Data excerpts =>
^^^^^^^^^^^^^^^^
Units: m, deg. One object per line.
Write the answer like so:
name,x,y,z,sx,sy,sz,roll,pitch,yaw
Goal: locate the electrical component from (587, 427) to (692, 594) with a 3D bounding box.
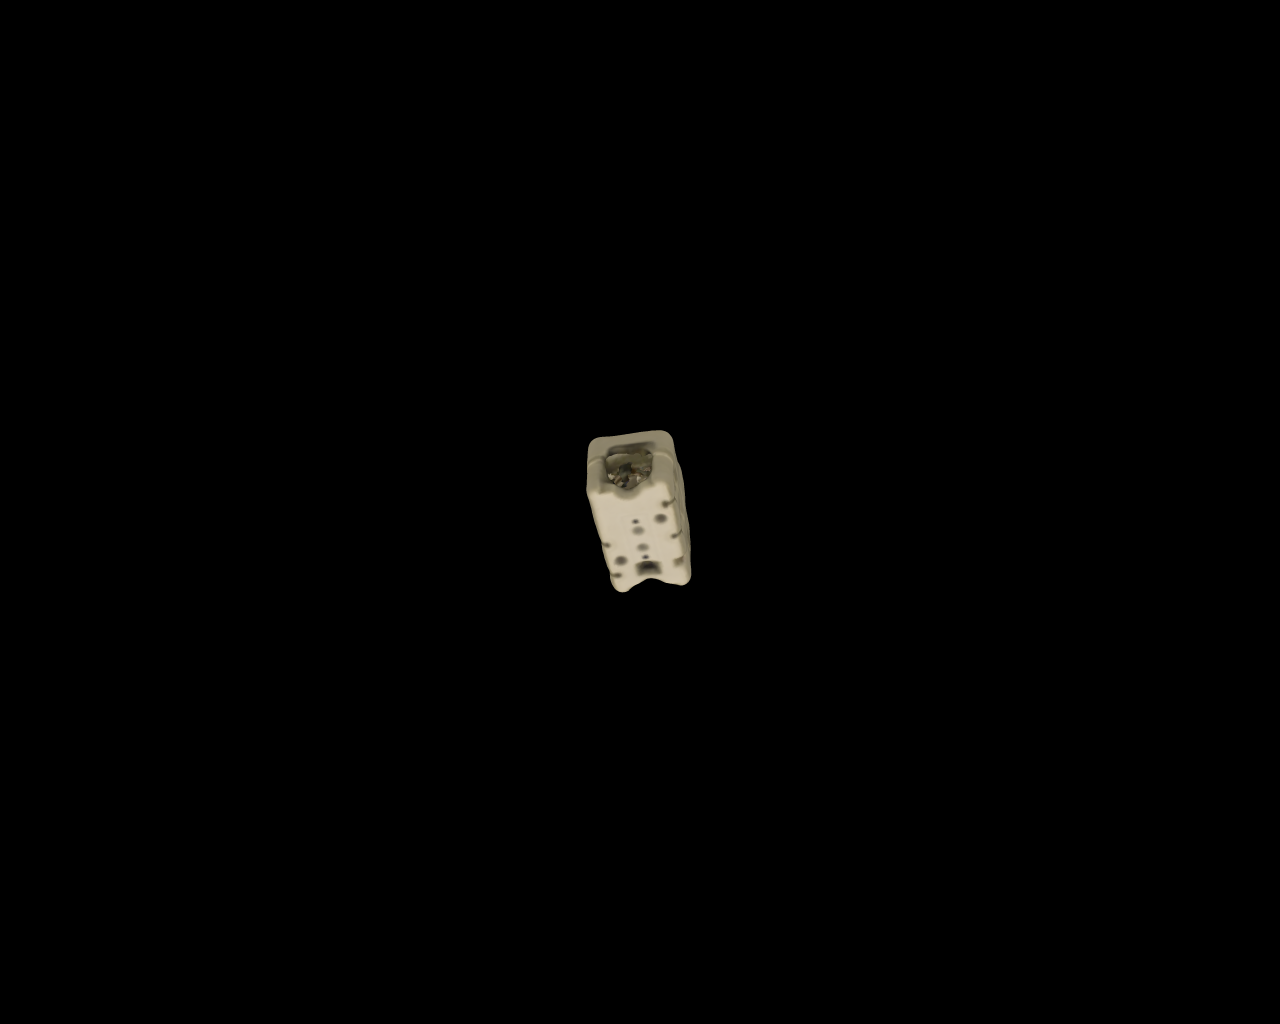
electrical component,0.001,-0.003,0.650,0.050,0.089,0.056,-7,43,7
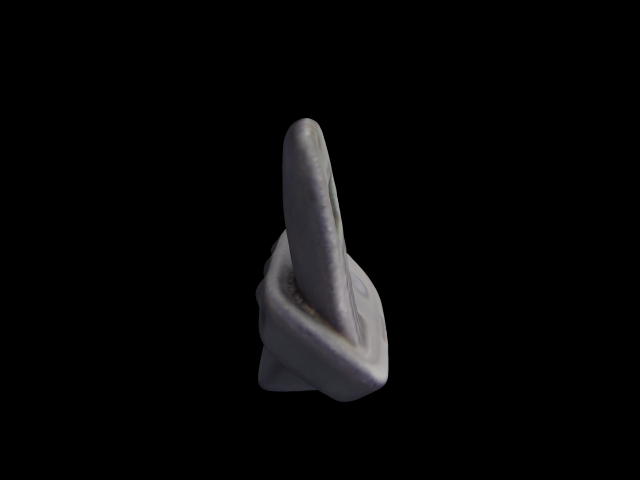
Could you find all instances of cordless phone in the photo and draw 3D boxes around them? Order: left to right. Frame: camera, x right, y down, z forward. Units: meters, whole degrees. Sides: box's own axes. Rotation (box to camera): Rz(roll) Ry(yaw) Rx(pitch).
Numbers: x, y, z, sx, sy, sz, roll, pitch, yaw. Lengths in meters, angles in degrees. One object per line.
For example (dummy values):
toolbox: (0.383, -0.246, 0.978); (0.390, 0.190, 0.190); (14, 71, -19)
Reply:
cordless phone: (0.004, 0.001, 0.400); (0.094, 0.185, 0.147); (0, 24, 0)
^^^^^^^^^^^^^^^^
Activity => From the line that holds "Write the answer" to the last line of the records, please copy each line exactly and nothing else. Pictures stay out.

Result of the task =>
Write the answer like so:
name,x,y,z,sx,sy,sz,roll,pitch,yaw
Goal: locate the electrical component from (587, 427) to (692, 594) with a 3D bounding box.
electrical component,0.001,-0.003,0.650,0.050,0.089,0.056,-7,43,7
Could you find all instances of cordless phone in the photo and draw 3D boxes around them? Order: left to right. Frame: camera, x right, y down, z forward. Units: meters, whole degrees. Sides: box's own axes. Rotation (box to camera): Rz(roll) Ry(yaw) Rx(pitch).
Numbers: x, y, z, sx, sy, sz, roll, pitch, yaw. Lengths in meters, angles in degrees. One object per line.
For example (dummy values):
toolbox: (0.383, -0.246, 0.978); (0.390, 0.190, 0.190); (14, 71, -19)
Reply:
cordless phone: (0.004, 0.001, 0.400); (0.094, 0.185, 0.147); (0, 24, 0)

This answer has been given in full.